Aim of the task - All that is needed is each line of the entries holding the word "pitch", copied as it stands.

Data shown -
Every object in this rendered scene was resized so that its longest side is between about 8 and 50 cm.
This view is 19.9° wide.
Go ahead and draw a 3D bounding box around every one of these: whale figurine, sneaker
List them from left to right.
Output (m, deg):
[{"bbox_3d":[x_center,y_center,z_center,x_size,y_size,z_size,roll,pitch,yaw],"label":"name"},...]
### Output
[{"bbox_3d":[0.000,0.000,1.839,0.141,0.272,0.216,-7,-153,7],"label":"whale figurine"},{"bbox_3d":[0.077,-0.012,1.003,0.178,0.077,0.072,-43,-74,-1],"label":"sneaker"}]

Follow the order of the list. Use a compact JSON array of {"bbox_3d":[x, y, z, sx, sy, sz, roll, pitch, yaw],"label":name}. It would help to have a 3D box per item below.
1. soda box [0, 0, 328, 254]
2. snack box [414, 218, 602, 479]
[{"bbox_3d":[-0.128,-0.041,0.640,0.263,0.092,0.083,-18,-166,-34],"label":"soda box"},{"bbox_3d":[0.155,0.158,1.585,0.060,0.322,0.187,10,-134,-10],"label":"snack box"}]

--

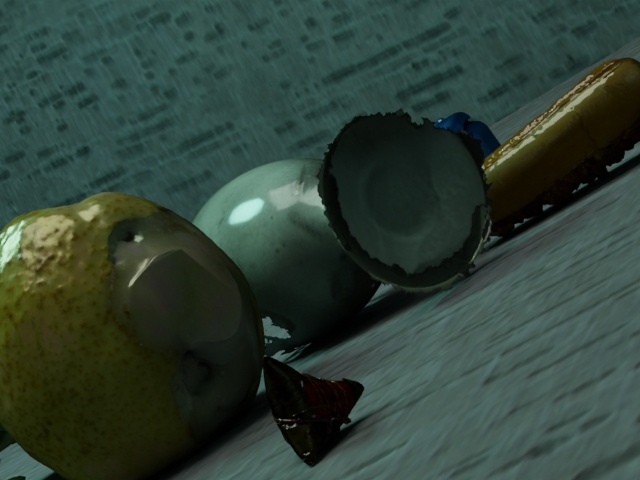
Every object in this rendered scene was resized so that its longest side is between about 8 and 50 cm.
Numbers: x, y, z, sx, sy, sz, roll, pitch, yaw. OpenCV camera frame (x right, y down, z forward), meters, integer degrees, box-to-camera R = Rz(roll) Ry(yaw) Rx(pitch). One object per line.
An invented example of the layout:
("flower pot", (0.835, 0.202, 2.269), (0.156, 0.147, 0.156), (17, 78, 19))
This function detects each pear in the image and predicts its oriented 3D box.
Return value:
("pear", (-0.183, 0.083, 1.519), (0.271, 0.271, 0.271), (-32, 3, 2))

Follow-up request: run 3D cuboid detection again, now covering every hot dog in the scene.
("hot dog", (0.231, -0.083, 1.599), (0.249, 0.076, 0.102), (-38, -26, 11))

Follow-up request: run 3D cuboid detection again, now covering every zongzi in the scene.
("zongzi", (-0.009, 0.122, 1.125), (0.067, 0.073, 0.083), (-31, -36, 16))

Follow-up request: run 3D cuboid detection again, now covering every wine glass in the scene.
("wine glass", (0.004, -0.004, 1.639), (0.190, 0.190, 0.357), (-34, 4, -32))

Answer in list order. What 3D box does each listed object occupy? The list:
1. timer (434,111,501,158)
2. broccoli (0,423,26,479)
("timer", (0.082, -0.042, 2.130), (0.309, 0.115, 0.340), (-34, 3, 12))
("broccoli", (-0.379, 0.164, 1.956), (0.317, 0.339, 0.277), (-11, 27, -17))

Answer box -
[{"bbox_3d":[x_center,y_center,z_center,x_size,y_size,z_size,roll,pitch,yaw],"label":"name"},...]
Follow the order of the list. Use a compact JSON array of {"bbox_3d":[x, y, z, sx, sy, sz, roll, pitch, yaw],"label":name}. It would help to have a 3D box per item below.
Numbers: x, y, z, sx, sy, sz, roll, pitch, yaw. OpenCV camera frame (x right, y down, z forward), meters, integer degrees, box-to-camera R = Rz(roll) Ry(yaw) Rx(pitch). One object per line.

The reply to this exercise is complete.